109th Mayor of Mobile
- Incumbent
- Assumed office November 3, 2025
- Preceded by: Sandy Stimpson

Personal details
- Born: January 28, 1982 (age 44) Dothan, Alabama, U.S.
- Party: Republican
- Spouse: Lucy Greer Cheriogotis
- Education: University of Alabama (BS) University of Alabama (JD)

= Spiro Cheriogotis =

American politician

Spiro Cheriogotis (born January 28, 1982 or 1983) is an American politician who is the 109th and current mayor of Mobile, Alabama, serving since November 2025. In the 2025 Mobile Mayoral Election, he won against state representative Barbara Drummond with 51.4% of the votes in the runoff election. He was previously a Mobile County district judge from 2019 to 2025. His father was convicted of manslaughter and was sentenced to 15 years in prison in 1988. After becoming a judge himself, Cheriogotis said this experience helped him in the legal profession.

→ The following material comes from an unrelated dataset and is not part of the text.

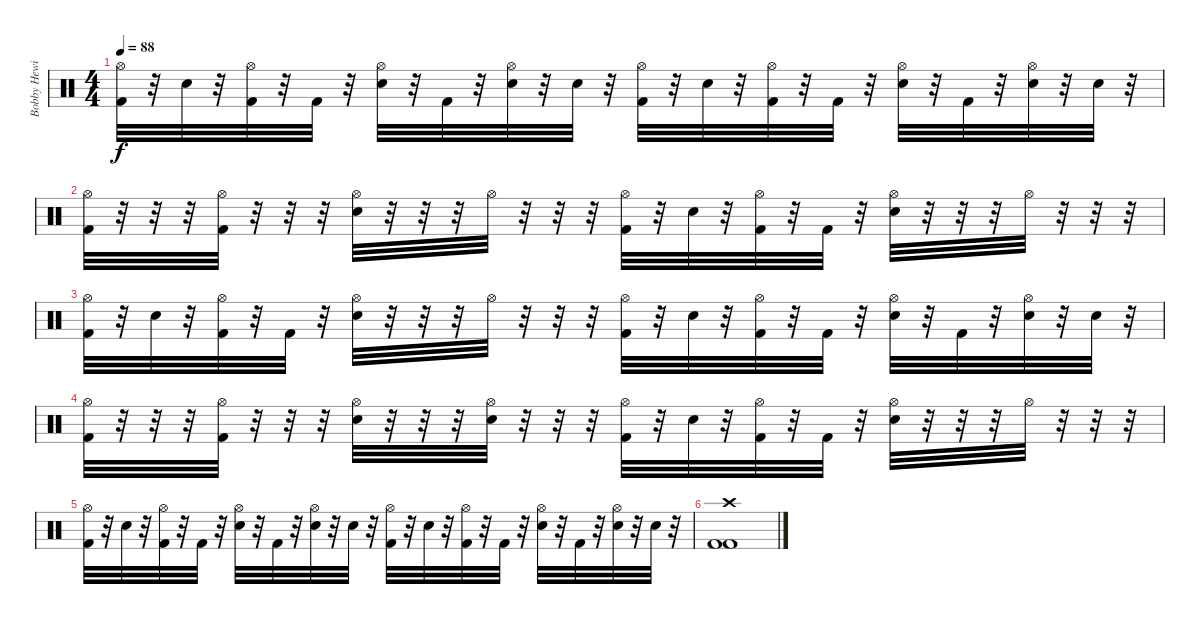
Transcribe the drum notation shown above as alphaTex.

== Early life, education and career ==
Raised in Dothan, Alabama, Cheriogotis graduated with a Juris Doctor from the University of Alabama School of Law. Upon graduating, he went to work as a prosecutor for the Mobile County District Attorney’s office. In 2018, he was elected a District Court Judge for Mobile County, a position he held until elected mayor in 2025. In 2022, he became Presiding District Judge.

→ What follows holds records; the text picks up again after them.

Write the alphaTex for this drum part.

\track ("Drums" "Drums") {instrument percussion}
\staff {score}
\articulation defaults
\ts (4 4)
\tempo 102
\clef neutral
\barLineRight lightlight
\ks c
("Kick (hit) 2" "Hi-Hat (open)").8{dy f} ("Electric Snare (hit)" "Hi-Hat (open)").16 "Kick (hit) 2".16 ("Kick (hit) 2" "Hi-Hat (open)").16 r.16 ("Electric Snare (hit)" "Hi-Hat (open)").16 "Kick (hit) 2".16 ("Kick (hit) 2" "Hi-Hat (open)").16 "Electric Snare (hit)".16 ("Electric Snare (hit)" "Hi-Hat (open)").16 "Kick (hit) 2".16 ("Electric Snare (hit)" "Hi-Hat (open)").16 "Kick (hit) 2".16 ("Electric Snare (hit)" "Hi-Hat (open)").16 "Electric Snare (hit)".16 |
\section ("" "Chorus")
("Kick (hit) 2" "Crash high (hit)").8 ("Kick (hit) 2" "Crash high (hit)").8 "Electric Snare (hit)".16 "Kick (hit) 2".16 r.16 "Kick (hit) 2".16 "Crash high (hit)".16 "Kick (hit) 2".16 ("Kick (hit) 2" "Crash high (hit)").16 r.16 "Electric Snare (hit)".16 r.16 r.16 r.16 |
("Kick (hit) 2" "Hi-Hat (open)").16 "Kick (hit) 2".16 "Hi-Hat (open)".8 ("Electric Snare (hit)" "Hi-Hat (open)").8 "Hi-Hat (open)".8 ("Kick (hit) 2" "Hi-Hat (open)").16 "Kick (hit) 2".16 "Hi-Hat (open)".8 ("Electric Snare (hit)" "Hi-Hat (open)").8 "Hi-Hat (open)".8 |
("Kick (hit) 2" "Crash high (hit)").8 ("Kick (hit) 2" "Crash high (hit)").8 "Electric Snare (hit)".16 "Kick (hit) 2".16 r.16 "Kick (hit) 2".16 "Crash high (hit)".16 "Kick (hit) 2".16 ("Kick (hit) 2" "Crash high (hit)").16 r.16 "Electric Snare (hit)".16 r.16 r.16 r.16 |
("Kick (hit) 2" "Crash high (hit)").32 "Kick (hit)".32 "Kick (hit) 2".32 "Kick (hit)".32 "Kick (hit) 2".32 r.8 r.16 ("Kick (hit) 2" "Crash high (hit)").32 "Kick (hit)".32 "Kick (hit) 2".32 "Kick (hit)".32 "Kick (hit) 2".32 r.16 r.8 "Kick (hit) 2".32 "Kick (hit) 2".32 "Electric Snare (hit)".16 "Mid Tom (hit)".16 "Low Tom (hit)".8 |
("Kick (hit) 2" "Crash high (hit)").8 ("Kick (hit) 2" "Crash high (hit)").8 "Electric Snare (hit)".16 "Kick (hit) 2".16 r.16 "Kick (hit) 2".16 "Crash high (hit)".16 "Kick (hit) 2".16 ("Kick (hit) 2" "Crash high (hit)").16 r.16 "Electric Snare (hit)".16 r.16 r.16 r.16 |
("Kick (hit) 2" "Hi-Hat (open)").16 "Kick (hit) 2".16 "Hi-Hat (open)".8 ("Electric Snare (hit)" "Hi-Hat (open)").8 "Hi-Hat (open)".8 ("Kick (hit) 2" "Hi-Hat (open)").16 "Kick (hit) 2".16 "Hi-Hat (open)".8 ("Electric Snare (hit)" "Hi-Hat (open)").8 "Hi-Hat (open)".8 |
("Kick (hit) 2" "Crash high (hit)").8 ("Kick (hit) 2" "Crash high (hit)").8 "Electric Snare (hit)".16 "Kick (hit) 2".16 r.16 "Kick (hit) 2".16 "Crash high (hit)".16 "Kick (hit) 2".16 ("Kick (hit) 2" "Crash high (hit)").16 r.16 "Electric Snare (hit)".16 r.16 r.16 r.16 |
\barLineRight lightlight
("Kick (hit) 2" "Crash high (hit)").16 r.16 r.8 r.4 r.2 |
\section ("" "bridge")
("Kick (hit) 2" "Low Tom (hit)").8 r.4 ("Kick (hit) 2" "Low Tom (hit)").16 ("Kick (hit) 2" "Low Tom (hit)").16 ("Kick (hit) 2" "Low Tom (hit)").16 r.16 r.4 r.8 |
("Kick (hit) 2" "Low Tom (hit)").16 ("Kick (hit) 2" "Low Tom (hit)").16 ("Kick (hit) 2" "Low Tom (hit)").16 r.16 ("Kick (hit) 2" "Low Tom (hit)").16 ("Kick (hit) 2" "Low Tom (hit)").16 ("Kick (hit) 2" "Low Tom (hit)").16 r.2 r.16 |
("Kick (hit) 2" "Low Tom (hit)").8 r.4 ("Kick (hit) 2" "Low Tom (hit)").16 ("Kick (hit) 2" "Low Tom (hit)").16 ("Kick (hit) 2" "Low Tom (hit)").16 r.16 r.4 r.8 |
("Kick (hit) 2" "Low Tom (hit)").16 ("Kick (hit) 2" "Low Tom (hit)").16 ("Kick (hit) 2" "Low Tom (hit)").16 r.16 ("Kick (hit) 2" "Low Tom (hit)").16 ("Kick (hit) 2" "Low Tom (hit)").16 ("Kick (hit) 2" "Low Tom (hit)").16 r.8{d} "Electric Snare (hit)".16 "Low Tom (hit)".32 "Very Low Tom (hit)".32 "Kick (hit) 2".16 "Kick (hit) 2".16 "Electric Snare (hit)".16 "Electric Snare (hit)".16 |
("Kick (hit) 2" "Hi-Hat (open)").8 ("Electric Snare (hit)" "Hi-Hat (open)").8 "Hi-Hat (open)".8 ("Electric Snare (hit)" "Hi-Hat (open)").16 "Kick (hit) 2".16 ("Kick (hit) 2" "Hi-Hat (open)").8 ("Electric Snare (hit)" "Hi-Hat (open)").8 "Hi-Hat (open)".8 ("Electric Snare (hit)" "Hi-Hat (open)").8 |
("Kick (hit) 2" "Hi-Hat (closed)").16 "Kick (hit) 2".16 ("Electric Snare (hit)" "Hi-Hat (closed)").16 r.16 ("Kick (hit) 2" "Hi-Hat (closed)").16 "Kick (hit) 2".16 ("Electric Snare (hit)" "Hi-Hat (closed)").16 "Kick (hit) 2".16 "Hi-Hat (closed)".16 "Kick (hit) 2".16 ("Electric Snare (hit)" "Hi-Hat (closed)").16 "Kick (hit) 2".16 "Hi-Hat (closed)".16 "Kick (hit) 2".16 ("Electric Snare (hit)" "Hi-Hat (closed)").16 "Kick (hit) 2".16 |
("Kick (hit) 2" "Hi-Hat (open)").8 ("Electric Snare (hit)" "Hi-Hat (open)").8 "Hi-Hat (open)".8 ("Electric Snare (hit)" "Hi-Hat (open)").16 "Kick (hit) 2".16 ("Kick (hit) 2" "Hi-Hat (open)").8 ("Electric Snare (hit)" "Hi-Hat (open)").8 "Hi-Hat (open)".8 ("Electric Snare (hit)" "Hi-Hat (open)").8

In 2012, Cheriogotis married Lucy Greer Cheriogotis. They have four children. Lucy is Vice President of Deli, Bakery, and Catering for her family's grocery chain, Greer's Markets.

== 2025 Mobile mayoral election ==

In the general election, state representative Barbara Drummond received 13,897 votes or 33.7%. Cheriogotis received 11,389 votes or 27.7%.

Cheriogotis hosted events such as a pickleball event at Pickle Rage indoor pickleball court in Mobile, grills, and a victory party during his campaign.

Because no candidate received a majority (50% or higher) of the votes, a runoff election was held on September 13. In the end, Cheriogotis won with 24,714 votes or 51.4% to Drummond’s 23,370 votes or 48.6%.

On November 3, 2025, Cheriogotis was sworn in as the 109th mayor of Mobile.